In the wake of the Auditor General's report, the Senate Standing Committee on Internal Economy, Budgets and Administration tasked the Subcommittee on the Senate Estimates, of which Wells was Chair, to address the recommendation. The Subcommittee on the Senate Estimates submitted its unanimous report recommending a new Senate committee of five Senators with an internal auditor and external auditor advising the new Committee. The recommendation from the Estimates Subcommittee went further than the recommendation of the AG in his report. It was recommended to have oversight of the entire Senate expenditure and not just Senators' travel and office spending.

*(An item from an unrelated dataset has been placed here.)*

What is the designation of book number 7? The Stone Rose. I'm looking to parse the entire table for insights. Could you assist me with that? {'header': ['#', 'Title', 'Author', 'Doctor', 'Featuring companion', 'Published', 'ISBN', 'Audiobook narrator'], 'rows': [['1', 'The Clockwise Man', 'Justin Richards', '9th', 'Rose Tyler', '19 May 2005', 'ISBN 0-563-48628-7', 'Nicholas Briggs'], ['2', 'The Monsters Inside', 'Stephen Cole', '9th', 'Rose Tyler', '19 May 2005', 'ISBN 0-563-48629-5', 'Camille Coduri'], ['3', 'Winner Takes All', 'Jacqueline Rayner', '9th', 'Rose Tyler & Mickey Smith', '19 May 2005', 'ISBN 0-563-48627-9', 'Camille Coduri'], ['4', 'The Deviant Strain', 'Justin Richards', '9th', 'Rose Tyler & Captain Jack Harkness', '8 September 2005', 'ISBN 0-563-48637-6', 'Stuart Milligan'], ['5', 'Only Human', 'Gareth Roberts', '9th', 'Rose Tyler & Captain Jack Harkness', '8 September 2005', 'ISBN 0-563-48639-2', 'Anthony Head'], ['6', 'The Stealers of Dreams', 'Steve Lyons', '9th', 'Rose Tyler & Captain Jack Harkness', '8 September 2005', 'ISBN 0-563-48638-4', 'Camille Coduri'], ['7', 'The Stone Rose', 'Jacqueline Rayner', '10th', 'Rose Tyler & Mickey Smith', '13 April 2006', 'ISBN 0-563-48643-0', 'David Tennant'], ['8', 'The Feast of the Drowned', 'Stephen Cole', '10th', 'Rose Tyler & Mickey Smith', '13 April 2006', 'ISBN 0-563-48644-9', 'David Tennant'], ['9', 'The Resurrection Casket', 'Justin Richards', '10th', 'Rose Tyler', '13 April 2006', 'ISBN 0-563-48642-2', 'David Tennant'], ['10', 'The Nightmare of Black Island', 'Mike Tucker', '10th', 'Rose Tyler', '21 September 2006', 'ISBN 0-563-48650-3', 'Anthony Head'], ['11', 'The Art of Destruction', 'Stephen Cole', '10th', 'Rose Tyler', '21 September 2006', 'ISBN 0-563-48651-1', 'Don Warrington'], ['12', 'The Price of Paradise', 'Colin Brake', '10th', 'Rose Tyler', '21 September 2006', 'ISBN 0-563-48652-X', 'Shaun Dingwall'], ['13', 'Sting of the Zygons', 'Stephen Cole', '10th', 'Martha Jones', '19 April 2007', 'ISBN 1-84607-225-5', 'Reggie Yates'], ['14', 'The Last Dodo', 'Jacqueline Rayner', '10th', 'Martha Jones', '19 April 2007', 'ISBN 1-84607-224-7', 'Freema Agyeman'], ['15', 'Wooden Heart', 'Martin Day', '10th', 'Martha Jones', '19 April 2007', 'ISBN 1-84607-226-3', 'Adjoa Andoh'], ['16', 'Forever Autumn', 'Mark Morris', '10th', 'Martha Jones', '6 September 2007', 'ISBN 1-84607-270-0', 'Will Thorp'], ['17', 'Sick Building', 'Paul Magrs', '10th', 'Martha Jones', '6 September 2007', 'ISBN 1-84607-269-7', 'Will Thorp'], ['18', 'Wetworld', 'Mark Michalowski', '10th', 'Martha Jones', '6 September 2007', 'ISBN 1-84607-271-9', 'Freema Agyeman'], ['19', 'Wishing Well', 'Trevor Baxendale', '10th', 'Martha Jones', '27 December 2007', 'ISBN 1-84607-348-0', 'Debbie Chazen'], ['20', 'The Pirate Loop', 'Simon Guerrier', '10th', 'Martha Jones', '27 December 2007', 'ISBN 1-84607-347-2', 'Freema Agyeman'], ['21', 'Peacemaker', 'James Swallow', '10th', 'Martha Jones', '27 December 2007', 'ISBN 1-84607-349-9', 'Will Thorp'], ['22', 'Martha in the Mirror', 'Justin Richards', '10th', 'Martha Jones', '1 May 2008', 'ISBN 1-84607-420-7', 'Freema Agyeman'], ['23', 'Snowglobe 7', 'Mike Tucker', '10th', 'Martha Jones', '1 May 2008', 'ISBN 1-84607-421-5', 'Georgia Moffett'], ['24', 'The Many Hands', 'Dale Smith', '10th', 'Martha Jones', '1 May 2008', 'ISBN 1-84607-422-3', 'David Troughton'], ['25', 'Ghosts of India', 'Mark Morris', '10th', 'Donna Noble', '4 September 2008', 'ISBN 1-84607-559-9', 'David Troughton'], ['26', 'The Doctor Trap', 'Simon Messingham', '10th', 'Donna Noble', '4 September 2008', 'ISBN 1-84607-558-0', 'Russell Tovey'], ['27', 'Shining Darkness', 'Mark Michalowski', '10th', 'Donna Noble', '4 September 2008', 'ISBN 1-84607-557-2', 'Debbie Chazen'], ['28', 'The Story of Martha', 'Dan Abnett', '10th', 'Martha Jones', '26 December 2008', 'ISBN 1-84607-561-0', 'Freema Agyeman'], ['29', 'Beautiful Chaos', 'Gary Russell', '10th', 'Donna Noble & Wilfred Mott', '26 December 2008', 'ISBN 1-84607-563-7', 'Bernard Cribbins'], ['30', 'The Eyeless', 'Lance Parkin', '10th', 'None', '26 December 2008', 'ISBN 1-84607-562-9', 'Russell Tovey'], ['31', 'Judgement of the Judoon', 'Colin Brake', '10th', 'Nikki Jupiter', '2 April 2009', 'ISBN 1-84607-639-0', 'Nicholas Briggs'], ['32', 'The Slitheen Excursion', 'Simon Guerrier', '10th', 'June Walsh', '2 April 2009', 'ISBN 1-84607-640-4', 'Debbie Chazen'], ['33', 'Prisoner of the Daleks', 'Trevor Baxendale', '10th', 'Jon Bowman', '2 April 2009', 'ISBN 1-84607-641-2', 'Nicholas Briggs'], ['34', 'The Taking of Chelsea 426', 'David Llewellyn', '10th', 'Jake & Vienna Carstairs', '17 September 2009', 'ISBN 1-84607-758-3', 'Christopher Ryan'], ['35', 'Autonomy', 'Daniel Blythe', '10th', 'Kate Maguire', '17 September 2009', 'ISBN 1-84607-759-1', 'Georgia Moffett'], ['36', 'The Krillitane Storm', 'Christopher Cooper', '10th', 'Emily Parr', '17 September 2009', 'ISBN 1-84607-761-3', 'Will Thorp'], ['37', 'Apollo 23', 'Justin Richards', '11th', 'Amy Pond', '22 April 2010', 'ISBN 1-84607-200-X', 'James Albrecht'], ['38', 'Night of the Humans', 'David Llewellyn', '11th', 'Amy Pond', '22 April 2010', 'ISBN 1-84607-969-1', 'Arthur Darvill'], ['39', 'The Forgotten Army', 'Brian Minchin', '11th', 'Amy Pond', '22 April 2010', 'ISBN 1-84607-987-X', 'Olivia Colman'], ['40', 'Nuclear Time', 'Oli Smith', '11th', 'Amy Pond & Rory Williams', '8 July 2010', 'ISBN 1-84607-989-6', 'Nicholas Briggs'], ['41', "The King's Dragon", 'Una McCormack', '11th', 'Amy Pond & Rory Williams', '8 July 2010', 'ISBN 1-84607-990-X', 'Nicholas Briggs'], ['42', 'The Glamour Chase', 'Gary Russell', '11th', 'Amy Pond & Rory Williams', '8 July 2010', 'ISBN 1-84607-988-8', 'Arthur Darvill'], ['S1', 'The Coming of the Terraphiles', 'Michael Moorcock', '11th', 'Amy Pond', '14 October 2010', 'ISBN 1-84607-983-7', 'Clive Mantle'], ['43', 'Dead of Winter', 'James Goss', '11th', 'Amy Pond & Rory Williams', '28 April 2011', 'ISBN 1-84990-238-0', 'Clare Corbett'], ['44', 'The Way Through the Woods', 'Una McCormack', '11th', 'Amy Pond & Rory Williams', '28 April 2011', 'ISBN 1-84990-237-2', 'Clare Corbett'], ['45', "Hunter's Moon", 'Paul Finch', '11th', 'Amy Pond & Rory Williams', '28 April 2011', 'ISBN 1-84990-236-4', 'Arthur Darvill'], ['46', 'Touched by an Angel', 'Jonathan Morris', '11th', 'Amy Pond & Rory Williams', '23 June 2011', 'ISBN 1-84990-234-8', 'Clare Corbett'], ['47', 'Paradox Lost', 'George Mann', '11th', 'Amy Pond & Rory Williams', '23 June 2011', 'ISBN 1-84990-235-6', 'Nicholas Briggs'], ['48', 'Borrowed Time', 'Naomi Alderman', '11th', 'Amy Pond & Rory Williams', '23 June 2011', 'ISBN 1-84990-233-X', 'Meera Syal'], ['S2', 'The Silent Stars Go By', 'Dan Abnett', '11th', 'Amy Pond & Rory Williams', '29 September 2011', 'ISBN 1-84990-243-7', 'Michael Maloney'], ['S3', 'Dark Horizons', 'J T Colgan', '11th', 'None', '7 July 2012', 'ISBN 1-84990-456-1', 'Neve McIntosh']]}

In October 2020, Wells moved a motion in the Senate to create a Standing Committee on Audit and Oversight with a membership of three Senators and two external members tasked with oversight of all Senate expenditures as well as overseeing the work of the existing external auditor and the newly created position of internal auditor. The motion passed unanimously. It is unique to the Senate to have a committee with external membership. While the external members do not have voting rights, any member has the right to include a dissenting opinion in any of the committee's reports. This was an innovation designed to provide public confidence in the overall expenditure of the Senate and ensure oversight of the Senate's specific expenditures, the efficiency of its procedures, and the compliance of its activities with all Senate rules.

Wells spearheaded the effort to establish the Audit and Oversight Committee through his committee work, speeches in the Senate, published articles, and as a subject matter witness at numerous committees studying the issue. He was elected as the Committee's first ever Chair on November 25, 2020.